The listing must be reproduced in full, exactly as it stands.
--------------------------------
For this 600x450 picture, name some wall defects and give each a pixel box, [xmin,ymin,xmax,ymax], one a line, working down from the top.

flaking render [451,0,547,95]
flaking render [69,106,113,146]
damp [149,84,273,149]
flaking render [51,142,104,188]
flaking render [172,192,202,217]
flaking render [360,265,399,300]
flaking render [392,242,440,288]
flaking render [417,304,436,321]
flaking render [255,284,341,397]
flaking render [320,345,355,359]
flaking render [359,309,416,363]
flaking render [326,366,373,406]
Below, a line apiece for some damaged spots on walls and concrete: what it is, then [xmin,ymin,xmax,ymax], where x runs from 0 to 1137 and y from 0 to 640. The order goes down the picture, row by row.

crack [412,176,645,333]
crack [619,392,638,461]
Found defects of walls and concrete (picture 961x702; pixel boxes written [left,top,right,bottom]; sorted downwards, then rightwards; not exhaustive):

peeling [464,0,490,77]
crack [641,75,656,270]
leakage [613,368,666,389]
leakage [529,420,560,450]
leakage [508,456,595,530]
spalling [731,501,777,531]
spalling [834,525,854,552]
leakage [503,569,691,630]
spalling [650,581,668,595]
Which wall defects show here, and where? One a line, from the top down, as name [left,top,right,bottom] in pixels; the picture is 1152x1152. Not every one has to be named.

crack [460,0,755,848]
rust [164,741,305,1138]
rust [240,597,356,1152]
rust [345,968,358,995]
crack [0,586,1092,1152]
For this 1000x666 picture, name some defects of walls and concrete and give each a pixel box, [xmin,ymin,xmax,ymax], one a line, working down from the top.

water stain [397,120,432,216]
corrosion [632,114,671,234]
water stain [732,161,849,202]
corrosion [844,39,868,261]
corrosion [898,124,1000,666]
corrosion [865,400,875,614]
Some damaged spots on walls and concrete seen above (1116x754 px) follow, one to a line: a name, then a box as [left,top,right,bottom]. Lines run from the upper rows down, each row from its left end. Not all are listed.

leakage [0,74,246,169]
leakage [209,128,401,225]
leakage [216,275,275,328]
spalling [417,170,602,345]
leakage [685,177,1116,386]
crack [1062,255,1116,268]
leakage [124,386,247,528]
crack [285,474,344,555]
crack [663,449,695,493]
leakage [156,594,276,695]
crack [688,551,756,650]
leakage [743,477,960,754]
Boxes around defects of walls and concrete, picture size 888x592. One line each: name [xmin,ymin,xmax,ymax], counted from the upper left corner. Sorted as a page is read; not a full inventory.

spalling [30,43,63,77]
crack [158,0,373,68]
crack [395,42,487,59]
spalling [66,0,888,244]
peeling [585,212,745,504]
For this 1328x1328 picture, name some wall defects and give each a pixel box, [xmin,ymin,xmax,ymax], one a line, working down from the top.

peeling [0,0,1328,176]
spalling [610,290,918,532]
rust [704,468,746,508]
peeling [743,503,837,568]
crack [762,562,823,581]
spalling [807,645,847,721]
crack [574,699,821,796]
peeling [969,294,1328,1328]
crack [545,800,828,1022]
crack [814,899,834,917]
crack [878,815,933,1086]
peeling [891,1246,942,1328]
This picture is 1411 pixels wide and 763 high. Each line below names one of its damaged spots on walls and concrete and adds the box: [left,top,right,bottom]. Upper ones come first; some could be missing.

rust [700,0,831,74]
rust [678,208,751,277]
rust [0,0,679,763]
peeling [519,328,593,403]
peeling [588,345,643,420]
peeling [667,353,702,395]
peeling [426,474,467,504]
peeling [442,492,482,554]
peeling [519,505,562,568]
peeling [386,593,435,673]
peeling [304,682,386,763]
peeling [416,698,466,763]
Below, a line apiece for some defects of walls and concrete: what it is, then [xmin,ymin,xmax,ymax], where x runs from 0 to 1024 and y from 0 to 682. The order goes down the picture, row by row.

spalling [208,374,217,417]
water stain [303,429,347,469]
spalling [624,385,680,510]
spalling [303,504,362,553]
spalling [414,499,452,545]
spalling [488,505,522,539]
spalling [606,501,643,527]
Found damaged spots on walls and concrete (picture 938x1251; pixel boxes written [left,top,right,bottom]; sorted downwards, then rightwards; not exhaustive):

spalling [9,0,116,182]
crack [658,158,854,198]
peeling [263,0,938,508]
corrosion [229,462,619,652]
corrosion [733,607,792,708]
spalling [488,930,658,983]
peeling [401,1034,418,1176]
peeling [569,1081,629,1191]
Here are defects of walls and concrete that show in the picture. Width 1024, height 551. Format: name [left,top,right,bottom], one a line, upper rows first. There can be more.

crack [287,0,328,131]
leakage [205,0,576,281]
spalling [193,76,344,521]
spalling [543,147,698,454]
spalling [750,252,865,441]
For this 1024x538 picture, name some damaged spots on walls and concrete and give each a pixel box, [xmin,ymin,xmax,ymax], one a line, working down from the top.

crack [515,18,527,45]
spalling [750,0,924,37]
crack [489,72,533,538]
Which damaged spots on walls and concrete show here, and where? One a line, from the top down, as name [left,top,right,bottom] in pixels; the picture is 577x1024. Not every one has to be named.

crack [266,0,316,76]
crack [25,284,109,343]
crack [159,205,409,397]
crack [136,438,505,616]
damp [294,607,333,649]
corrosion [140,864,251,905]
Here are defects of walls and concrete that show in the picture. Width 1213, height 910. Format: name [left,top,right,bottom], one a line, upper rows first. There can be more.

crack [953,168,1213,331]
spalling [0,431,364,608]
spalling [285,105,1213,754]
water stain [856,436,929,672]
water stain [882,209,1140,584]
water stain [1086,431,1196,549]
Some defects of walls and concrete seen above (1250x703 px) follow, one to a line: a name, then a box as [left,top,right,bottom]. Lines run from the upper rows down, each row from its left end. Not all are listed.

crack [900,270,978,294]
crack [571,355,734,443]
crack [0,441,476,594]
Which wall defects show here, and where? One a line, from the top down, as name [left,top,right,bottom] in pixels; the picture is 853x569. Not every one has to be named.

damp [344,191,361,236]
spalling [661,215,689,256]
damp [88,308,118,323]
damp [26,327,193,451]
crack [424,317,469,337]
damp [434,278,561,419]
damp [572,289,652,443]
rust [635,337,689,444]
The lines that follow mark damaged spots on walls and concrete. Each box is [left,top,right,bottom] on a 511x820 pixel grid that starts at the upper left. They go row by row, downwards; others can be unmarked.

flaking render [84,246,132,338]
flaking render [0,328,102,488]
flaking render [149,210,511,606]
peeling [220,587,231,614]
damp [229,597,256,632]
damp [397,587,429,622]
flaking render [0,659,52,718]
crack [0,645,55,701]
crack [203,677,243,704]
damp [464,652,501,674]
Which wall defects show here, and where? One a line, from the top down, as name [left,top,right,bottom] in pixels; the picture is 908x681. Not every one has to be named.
--------------------------------
- _Response to this task_:
For this 600x450 picture, name some wall defects and give each a pixel box, [xmin,ymin,xmax,ymax], one a line, working down from the top.

flaking render [451,0,547,95]
flaking render [69,106,113,146]
damp [149,84,273,149]
flaking render [51,142,104,188]
flaking render [172,192,202,217]
flaking render [360,265,399,300]
flaking render [392,242,440,288]
flaking render [417,304,436,321]
flaking render [255,284,341,397]
flaking render [320,345,355,359]
flaking render [359,309,416,363]
flaking render [326,366,373,406]
Below, a line apiece for some damaged spots on walls and concrete: what it is, then [xmin,ymin,xmax,ymax], where x runs from 0 to 1137 and y from 0 to 640. The order goes down the picture, row by row.

crack [412,176,645,333]
crack [619,392,638,461]
Found defects of walls and concrete (picture 961x702; pixel boxes written [left,top,right,bottom]; sorted downwards, then rightwards; not exhaustive):

peeling [464,0,490,77]
crack [641,75,656,270]
leakage [613,368,666,389]
leakage [529,420,560,450]
leakage [508,456,595,530]
spalling [731,501,777,531]
spalling [834,525,854,552]
leakage [503,569,691,630]
spalling [650,581,668,595]
Which wall defects show here, and where? One a line, from the top down, as name [left,top,right,bottom] in pixels; the picture is 1152x1152. Not every one has to be named.

crack [460,0,755,848]
rust [164,741,305,1138]
rust [240,597,356,1152]
rust [345,968,358,995]
crack [0,586,1092,1152]
For this 1000x666 picture, name some defects of walls and concrete and give each a pixel box, [xmin,ymin,xmax,ymax], one a line, working down from the top.

water stain [397,120,432,216]
corrosion [632,114,671,234]
water stain [732,161,849,202]
corrosion [844,39,868,261]
corrosion [898,124,1000,666]
corrosion [865,400,875,614]
Some damaged spots on walls and concrete seen above (1116x754 px) follow, one to a line: a name, then a box as [left,top,right,bottom]. Lines run from the upper rows down, each row from its left end. Not all are listed.

leakage [0,74,246,169]
leakage [209,128,401,225]
leakage [216,275,275,328]
spalling [417,170,602,345]
leakage [685,177,1116,386]
crack [1062,255,1116,268]
leakage [124,386,247,528]
crack [285,474,344,555]
crack [663,449,695,493]
leakage [156,594,276,695]
crack [688,551,756,650]
leakage [743,477,960,754]
Boxes around defects of walls and concrete, picture size 888x592. One line each: name [xmin,ymin,xmax,ymax], counted from the upper left corner. Sorted as a page is read; not a full inventory.

spalling [30,43,63,77]
crack [158,0,373,68]
crack [395,42,487,59]
spalling [66,0,888,244]
peeling [585,212,745,504]
For this 1328x1328 picture, name some wall defects and give each a pixel box, [xmin,ymin,xmax,ymax], one a line, working down from the top.

peeling [0,0,1328,176]
spalling [610,290,918,532]
rust [704,468,746,508]
peeling [743,503,837,568]
crack [762,562,823,581]
spalling [807,645,847,721]
crack [574,699,821,796]
peeling [969,294,1328,1328]
crack [545,800,828,1022]
crack [814,899,834,917]
crack [878,815,933,1086]
peeling [891,1246,942,1328]
This picture is 1411 pixels wide and 763 high. Each line below names one of its damaged spots on walls and concrete and adds the box: [left,top,right,bottom]. Upper ones come first; some could be missing.

rust [700,0,831,74]
rust [678,208,751,277]
rust [0,0,679,763]
peeling [519,328,593,403]
peeling [588,345,643,420]
peeling [667,353,702,395]
peeling [426,474,467,504]
peeling [442,492,482,554]
peeling [519,505,562,568]
peeling [386,593,435,673]
peeling [304,682,386,763]
peeling [416,698,466,763]
Below, a line apiece for some defects of walls and concrete: what it is, then [xmin,ymin,xmax,ymax], where x runs from 0 to 1024 and y from 0 to 682. The order goes down the picture, row by row.

spalling [208,374,217,417]
water stain [303,429,347,469]
spalling [624,385,680,510]
spalling [303,504,362,553]
spalling [414,499,452,545]
spalling [488,505,522,539]
spalling [606,501,643,527]
Found damaged spots on walls and concrete (picture 938x1251; pixel boxes written [left,top,right,bottom]; sorted downwards, then rightwards; not exhaustive):

spalling [9,0,116,182]
crack [658,158,854,198]
peeling [263,0,938,508]
corrosion [229,462,619,652]
corrosion [733,607,792,708]
spalling [488,930,658,983]
peeling [401,1034,418,1176]
peeling [569,1081,629,1191]
Here are defects of walls and concrete that show in the picture. Width 1024, height 551. Format: name [left,top,right,bottom], one a line, upper rows first. There can be more.

crack [287,0,328,131]
leakage [205,0,576,281]
spalling [193,76,344,521]
spalling [543,147,698,454]
spalling [750,252,865,441]
For this 1024x538 picture, name some damaged spots on walls and concrete and give each a pixel box, [xmin,ymin,xmax,ymax], one a line, working down from the top.

crack [515,18,527,45]
spalling [750,0,924,37]
crack [489,72,533,538]
Which damaged spots on walls and concrete show here, and where? One a line, from the top down, as name [left,top,right,bottom] in pixels; the picture is 577x1024. Not every one has to be named.

crack [266,0,316,76]
crack [25,284,109,343]
crack [159,205,409,397]
crack [136,438,505,616]
damp [294,607,333,649]
corrosion [140,864,251,905]
Here are defects of walls and concrete that show in the picture. Width 1213, height 910. Format: name [left,top,right,bottom], one a line, upper rows first. There can be more.

crack [953,168,1213,331]
spalling [0,431,364,608]
spalling [285,105,1213,754]
water stain [856,436,929,672]
water stain [882,209,1140,584]
water stain [1086,431,1196,549]
Some defects of walls and concrete seen above (1250x703 px) follow, one to a line: a name, then a box as [left,top,right,bottom]. Lines run from the upper rows down, each row from its left end. Not all are listed.

crack [900,270,978,294]
crack [571,355,734,443]
crack [0,441,476,594]
Which wall defects show here, and where? One a line, from the top down, as name [left,top,right,bottom] in pixels; the picture is 853x569. Not every one has to be named.

damp [344,191,361,236]
spalling [661,215,689,256]
damp [88,308,118,323]
damp [26,327,193,451]
crack [424,317,469,337]
damp [434,278,561,419]
damp [572,289,652,443]
rust [635,337,689,444]
The lines that follow mark damaged spots on walls and concrete. Each box is [left,top,right,bottom] on a 511x820 pixel grid that starts at the upper left. They go row by row, downwards; others can be unmarked.

flaking render [84,246,132,338]
flaking render [0,328,102,488]
flaking render [149,210,511,606]
peeling [220,587,231,614]
damp [229,597,256,632]
damp [397,587,429,622]
flaking render [0,659,52,718]
crack [0,645,55,701]
crack [203,677,243,704]
damp [464,652,501,674]
Which wall defects show here, and where? One a line, from the top down, as name [left,top,right,bottom] in pixels; the picture is 908x681. Not every one has to be named.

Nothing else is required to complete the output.